#### Description of the task:
Only the pictures stay out; please return all the entries below exactly as written.

━━━ Data extracts ━━━

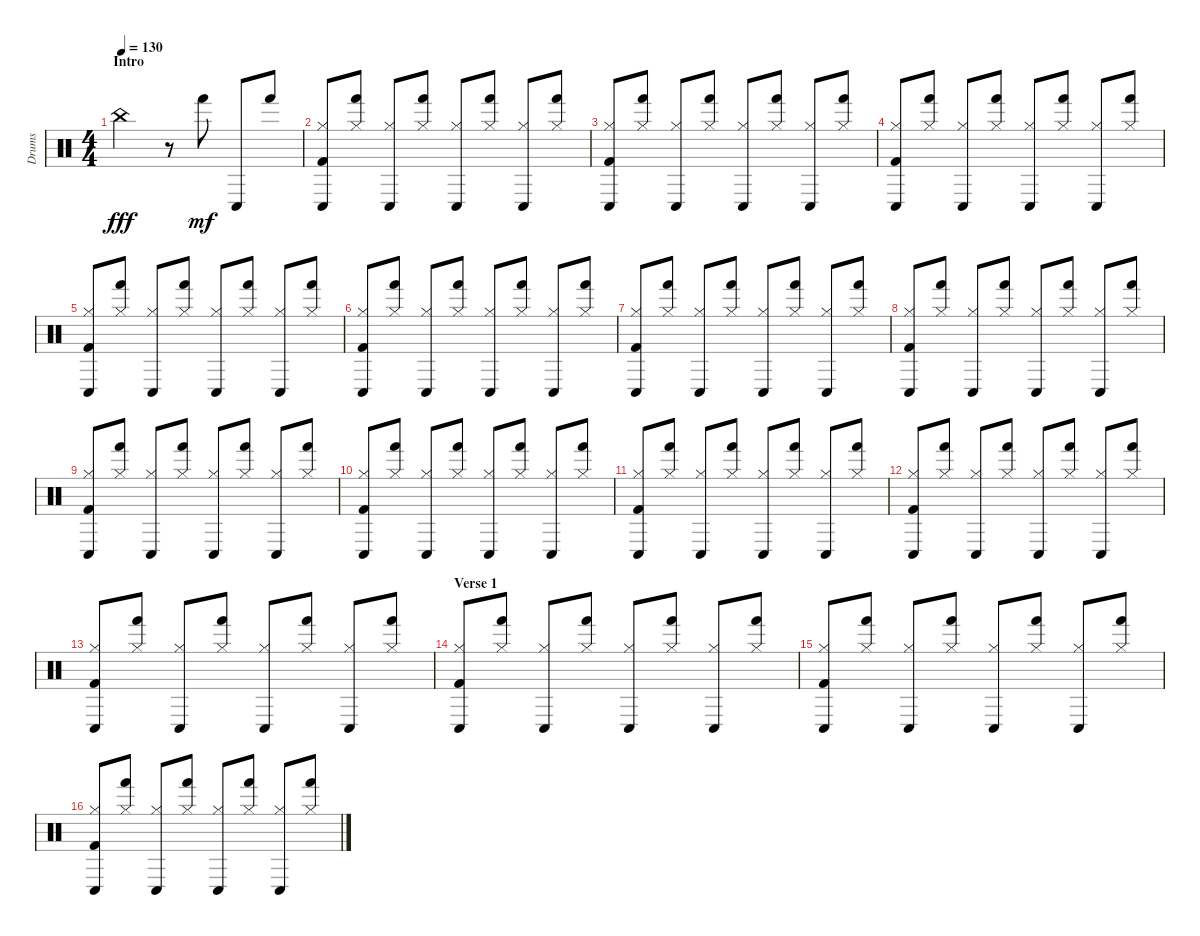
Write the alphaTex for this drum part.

\track ("Drums" "Drums") {instrument percussion}
\staff {score}
\articulation defaults
\ts (4 4)
\section ("" "Intro")
\tempo 130
\clef neutral
\ks c "China (hit)".2{dy fff}
r.8 "Hand (hit)".8{dy mf} "Conga low (hit)".8 "Hand (hit)".8 |
("Kick (hit) 2" "Conga low (hit)" "Hi-Hat (closed)").8 ("Hand (hit)" "Hi-Hat (closed)").8 ("Hi-Hat (closed)" "Conga low (hit)").8 ("Hand (hit)" "Hi-Hat (closed)").8 ("Conga low (hit)" "Hi-Hat (closed)").8 ("Hi-Hat (closed)" "Hand (hit)").8 ("Hi-Hat (closed)" "Conga low (hit)").8 ("Hi-Hat (closed)" "Hand (hit)").8 |
("Kick (hit) 2" "Conga low (hit)" "Hi-Hat (closed)").8 ("Hand (hit)" "Hi-Hat (closed)").8 ("Hi-Hat (closed)" "Conga low (hit)").8 ("Hand (hit)" "Hi-Hat (closed)").8 ("Conga low (hit)" "Hi-Hat (closed)").8 ("Hi-Hat (closed)" "Hand (hit)").8 ("Hi-Hat (closed)" "Conga low (hit)").8 ("Hi-Hat (closed)" "Hand (hit)").8 |
("Kick (hit) 2" "Conga low (hit)" "Hi-Hat (closed)").8 ("Hand (hit)" "Hi-Hat (closed)").8 ("Hi-Hat (closed)" "Conga low (hit)").8 ("Hand (hit)" "Hi-Hat (closed)").8 ("Conga low (hit)" "Hi-Hat (closed)").8 ("Hi-Hat (closed)" "Hand (hit)").8 ("Hi-Hat (closed)" "Conga low (hit)").8 ("Hi-Hat (closed)" "Hand (hit)").8 |
("Kick (hit) 2" "Conga low (hit)" "Hi-Hat (closed)").8 ("Hand (hit)" "Hi-Hat (closed)").8 ("Hi-Hat (closed)" "Conga low (hit)").8 ("Hand (hit)" "Hi-Hat (closed)").8 ("Conga low (hit)" "Hi-Hat (closed)").8 ("Hand (hit)" "Hi-Hat (closed)").8 ("Conga low (hit)" "Hi-Hat (closed)").8 ("Hi-Hat (closed)" "Hand (hit)").8 |
("Kick (hit) 2" "Conga low (hit)" "Hi-Hat (closed)").8 ("Hand (hit)" "Hi-Hat (closed)").8 ("Hi-Hat (closed)" "Conga low (hit)").8 ("Hand (hit)" "Hi-Hat (closed)").8 ("Conga low (hit)" "Hi-Hat (closed)").8 ("Hi-Hat (closed)" "Hand (hit)").8 ("Hi-Hat (closed)" "Conga low (hit)").8 ("Hi-Hat (closed)" "Hand (hit)").8 |
("Kick (hit) 2" "Conga low (hit)" "Hi-Hat (closed)").8 ("Hand (hit)" "Hi-Hat (closed)").8 ("Hi-Hat (closed)" "Conga low (hit)").8 ("Hand (hit)" "Hi-Hat (closed)").8 ("Conga low (hit)" "Hi-Hat (closed)").8 ("Hi-Hat (closed)" "Hand (hit)").8 ("Hi-Hat (closed)" "Conga low (hit)").8 ("Hi-Hat (closed)" "Hand (hit)").8 |
("Kick (hit) 2" "Conga low (hit)" "Hi-Hat (closed)").8 ("Hand (hit)" "Hi-Hat (closed)").8 ("Hi-Hat (closed)" "Conga low (hit)").8 ("Hand (hit)" "Hi-Hat (closed)").8 ("Conga low (hit)" "Hi-Hat (closed)").8 ("Hi-Hat (closed)" "Hand (hit)").8 ("Hi-Hat (closed)" "Conga low (hit)").8 ("Hi-Hat (closed)" "Hand (hit)").8 |
("Kick (hit) 2" "Conga low (hit)" "Hi-Hat (closed)").8 ("Hand (hit)" "Hi-Hat (closed)").8 ("Hi-Hat (closed)" "Conga low (hit)").8 ("Hand (hit)" "Hi-Hat (closed)").8 ("Conga low (hit)" "Hi-Hat (closed)").8 ("Hi-Hat (closed)" "Hand (hit)").8 ("Hi-Hat (closed)" "Conga low (hit)").8 ("Hi-Hat (closed)" "Hand (hit)").8 |
("Kick (hit) 2" "Conga low (hit)" "Hi-Hat (closed)").8 ("Hand (hit)" "Hi-Hat (closed)").8 ("Hi-Hat (closed)" "Conga low (hit)").8 ("Hand (hit)" "Hi-Hat (closed)").8 ("Conga low (hit)" "Hi-Hat (closed)").8 ("Hi-Hat (closed)" "Hand (hit)").8 ("Hi-Hat (closed)" "Conga low (hit)").8 ("Hi-Hat (closed)" "Hand (hit)").8 |
("Kick (hit) 2" "Conga low (hit)" "Hi-Hat (closed)").8 ("Hand (hit)" "Hi-Hat (closed)").8 ("Hi-Hat (closed)" "Conga low (hit)").8 ("Hand (hit)" "Hi-Hat (closed)").8 ("Conga low (hit)" "Hi-Hat (closed)").8 ("Hi-Hat (closed)" "Hand (hit)").8 ("Hi-Hat (closed)" "Conga low (hit)").8 ("Hi-Hat (closed)" "Hand (hit)").8 |
("Kick (hit) 2" "Conga low (hit)" "Hi-Hat (closed)").8 ("Hand (hit)" "Hi-Hat (closed)").8 ("Hi-Hat (closed)" "Conga low (hit)").8 ("Hand (hit)" "Hi-Hat (closed)").8 ("Conga low (hit)" "Hi-Hat (closed)").8 ("Hi-Hat (closed)" "Hand (hit)").8 ("Hi-Hat (closed)" "Conga low (hit)").8 ("Hi-Hat (closed)" "Hand (hit)").8 |
("Kick (hit) 2" "Conga low (hit)" "Hi-Hat (closed)").8 ("Hand (hit)" "Hi-Hat (closed)").8 ("Hi-Hat (closed)" "Conga low (hit)").8 ("Hand (hit)" "Hi-Hat (closed)").8 ("Conga low (hit)" "Hi-Hat (closed)").8 ("Hi-Hat (closed)" "Hand (hit)").8 ("Hi-Hat (closed)" "Conga low (hit)").8 ("Hi-Hat (closed)" "Hand (hit)").8 |
\section ("" "Verse 1")
("Kick (hit) 2" "Conga low (hit)" "Hi-Hat (closed)").8 ("Hand (hit)" "Hi-Hat (closed)").8 ("Hi-Hat (closed)" "Conga low (hit)").8 ("Hand (hit)" "Hi-Hat (closed)").8 ("Conga low (hit)" "Hi-Hat (closed)").8 ("Hi-Hat (closed)" "Hand (hit)").8 ("Hi-Hat (closed)" "Conga low (hit)").8 ("Hi-Hat (closed)" "Hand (hit)").8 |
("Kick (hit) 2" "Conga low (hit)" "Hi-Hat (closed)").8 ("Hand (hit)" "Hi-Hat (closed)").8 ("Hi-Hat (closed)" "Conga low (hit)").8 ("Hand (hit)" "Hi-Hat (closed)").8 ("Conga low (hit)" "Hi-Hat (closed)").8 ("Hi-Hat (closed)" "Hand (hit)").8 ("Hi-Hat (closed)" "Conga low (hit)").8 ("Hi-Hat (closed)" "Hand (hit)").8 |
("Kick (hit) 2" "Conga low (hit)" "Hi-Hat (closed)").8 ("Hand (hit)" "Hi-Hat (closed)").8 ("Hi-Hat (closed)" "Conga low (hit)").8 ("Hand (hit)" "Hi-Hat (closed)").8 ("Conga low (hit)" "Hi-Hat (closed)").8 ("Hi-Hat (closed)" "Hand (hit)").8 ("Hi-Hat (closed)" "Conga low (hit)").8 ("Hi-Hat (closed)" "Hand (hit)").8

━━━

#### Finished task:
Write the alphaTex for this drum part.

\track ("Drums" "Drums") {instrument percussion}
\staff {score}
\articulation defaults
\ts (4 4)
\section ("" "Intro")
\tempo 130
\clef neutral
\ks c "China (hit)".2{dy fff}
r.8 "Hand (hit)".8{dy mf} "Conga low (hit)".8 "Hand (hit)".8 |
("Kick (hit) 2" "Conga low (hit)" "Hi-Hat (closed)").8 ("Hand (hit)" "Hi-Hat (closed)").8 ("Hi-Hat (closed)" "Conga low (hit)").8 ("Hand (hit)" "Hi-Hat (closed)").8 ("Conga low (hit)" "Hi-Hat (closed)").8 ("Hi-Hat (closed)" "Hand (hit)").8 ("Hi-Hat (closed)" "Conga low (hit)").8 ("Hi-Hat (closed)" "Hand (hit)").8 |
("Kick (hit) 2" "Conga low (hit)" "Hi-Hat (closed)").8 ("Hand (hit)" "Hi-Hat (closed)").8 ("Hi-Hat (closed)" "Conga low (hit)").8 ("Hand (hit)" "Hi-Hat (closed)").8 ("Conga low (hit)" "Hi-Hat (closed)").8 ("Hi-Hat (closed)" "Hand (hit)").8 ("Hi-Hat (closed)" "Conga low (hit)").8 ("Hi-Hat (closed)" "Hand (hit)").8 |
("Kick (hit) 2" "Conga low (hit)" "Hi-Hat (closed)").8 ("Hand (hit)" "Hi-Hat (closed)").8 ("Hi-Hat (closed)" "Conga low (hit)").8 ("Hand (hit)" "Hi-Hat (closed)").8 ("Conga low (hit)" "Hi-Hat (closed)").8 ("Hi-Hat (closed)" "Hand (hit)").8 ("Hi-Hat (closed)" "Conga low (hit)").8 ("Hi-Hat (closed)" "Hand (hit)").8 |
("Kick (hit) 2" "Conga low (hit)" "Hi-Hat (closed)").8 ("Hand (hit)" "Hi-Hat (closed)").8 ("Hi-Hat (closed)" "Conga low (hit)").8 ("Hand (hit)" "Hi-Hat (closed)").8 ("Conga low (hit)" "Hi-Hat (closed)").8 ("Hand (hit)" "Hi-Hat (closed)").8 ("Conga low (hit)" "Hi-Hat (closed)").8 ("Hi-Hat (closed)" "Hand (hit)").8 |
("Kick (hit) 2" "Conga low (hit)" "Hi-Hat (closed)").8 ("Hand (hit)" "Hi-Hat (closed)").8 ("Hi-Hat (closed)" "Conga low (hit)").8 ("Hand (hit)" "Hi-Hat (closed)").8 ("Conga low (hit)" "Hi-Hat (closed)").8 ("Hi-Hat (closed)" "Hand (hit)").8 ("Hi-Hat (closed)" "Conga low (hit)").8 ("Hi-Hat (closed)" "Hand (hit)").8 |
("Kick (hit) 2" "Conga low (hit)" "Hi-Hat (closed)").8 ("Hand (hit)" "Hi-Hat (closed)").8 ("Hi-Hat (closed)" "Conga low (hit)").8 ("Hand (hit)" "Hi-Hat (closed)").8 ("Conga low (hit)" "Hi-Hat (closed)").8 ("Hi-Hat (closed)" "Hand (hit)").8 ("Hi-Hat (closed)" "Conga low (hit)").8 ("Hi-Hat (closed)" "Hand (hit)").8 |
("Kick (hit) 2" "Conga low (hit)" "Hi-Hat (closed)").8 ("Hand (hit)" "Hi-Hat (closed)").8 ("Hi-Hat (closed)" "Conga low (hit)").8 ("Hand (hit)" "Hi-Hat (closed)").8 ("Conga low (hit)" "Hi-Hat (closed)").8 ("Hi-Hat (closed)" "Hand (hit)").8 ("Hi-Hat (closed)" "Conga low (hit)").8 ("Hi-Hat (closed)" "Hand (hit)").8 |
("Kick (hit) 2" "Conga low (hit)" "Hi-Hat (closed)").8 ("Hand (hit)" "Hi-Hat (closed)").8 ("Hi-Hat (closed)" "Conga low (hit)").8 ("Hand (hit)" "Hi-Hat (closed)").8 ("Conga low (hit)" "Hi-Hat (closed)").8 ("Hi-Hat (closed)" "Hand (hit)").8 ("Hi-Hat (closed)" "Conga low (hit)").8 ("Hi-Hat (closed)" "Hand (hit)").8 |
("Kick (hit) 2" "Conga low (hit)" "Hi-Hat (closed)").8 ("Hand (hit)" "Hi-Hat (closed)").8 ("Hi-Hat (closed)" "Conga low (hit)").8 ("Hand (hit)" "Hi-Hat (closed)").8 ("Conga low (hit)" "Hi-Hat (closed)").8 ("Hi-Hat (closed)" "Hand (hit)").8 ("Hi-Hat (closed)" "Conga low (hit)").8 ("Hi-Hat (closed)" "Hand (hit)").8 |
("Kick (hit) 2" "Conga low (hit)" "Hi-Hat (closed)").8 ("Hand (hit)" "Hi-Hat (closed)").8 ("Hi-Hat (closed)" "Conga low (hit)").8 ("Hand (hit)" "Hi-Hat (closed)").8 ("Conga low (hit)" "Hi-Hat (closed)").8 ("Hi-Hat (closed)" "Hand (hit)").8 ("Hi-Hat (closed)" "Conga low (hit)").8 ("Hi-Hat (closed)" "Hand (hit)").8 |
("Kick (hit) 2" "Conga low (hit)" "Hi-Hat (closed)").8 ("Hand (hit)" "Hi-Hat (closed)").8 ("Hi-Hat (closed)" "Conga low (hit)").8 ("Hand (hit)" "Hi-Hat (closed)").8 ("Conga low (hit)" "Hi-Hat (closed)").8 ("Hi-Hat (closed)" "Hand (hit)").8 ("Hi-Hat (closed)" "Conga low (hit)").8 ("Hi-Hat (closed)" "Hand (hit)").8 |
("Kick (hit) 2" "Conga low (hit)" "Hi-Hat (closed)").8 ("Hand (hit)" "Hi-Hat (closed)").8 ("Hi-Hat (closed)" "Conga low (hit)").8 ("Hand (hit)" "Hi-Hat (closed)").8 ("Conga low (hit)" "Hi-Hat (closed)").8 ("Hi-Hat (closed)" "Hand (hit)").8 ("Hi-Hat (closed)" "Conga low (hit)").8 ("Hi-Hat (closed)" "Hand (hit)").8 |
\section ("" "Verse 1")
("Kick (hit) 2" "Conga low (hit)" "Hi-Hat (closed)").8 ("Hand (hit)" "Hi-Hat (closed)").8 ("Hi-Hat (closed)" "Conga low (hit)").8 ("Hand (hit)" "Hi-Hat (closed)").8 ("Conga low (hit)" "Hi-Hat (closed)").8 ("Hi-Hat (closed)" "Hand (hit)").8 ("Hi-Hat (closed)" "Conga low (hit)").8 ("Hi-Hat (closed)" "Hand (hit)").8 |
("Kick (hit) 2" "Conga low (hit)" "Hi-Hat (closed)").8 ("Hand (hit)" "Hi-Hat (closed)").8 ("Hi-Hat (closed)" "Conga low (hit)").8 ("Hand (hit)" "Hi-Hat (closed)").8 ("Conga low (hit)" "Hi-Hat (closed)").8 ("Hi-Hat (closed)" "Hand (hit)").8 ("Hi-Hat (closed)" "Conga low (hit)").8 ("Hi-Hat (closed)" "Hand (hit)").8 |
("Kick (hit) 2" "Conga low (hit)" "Hi-Hat (closed)").8 ("Hand (hit)" "Hi-Hat (closed)").8 ("Hi-Hat (closed)" "Conga low (hit)").8 ("Hand (hit)" "Hi-Hat (closed)").8 ("Conga low (hit)" "Hi-Hat (closed)").8 ("Hi-Hat (closed)" "Hand (hit)").8 ("Hi-Hat (closed)" "Conga low (hit)").8 ("Hi-Hat (closed)" "Hand (hit)").8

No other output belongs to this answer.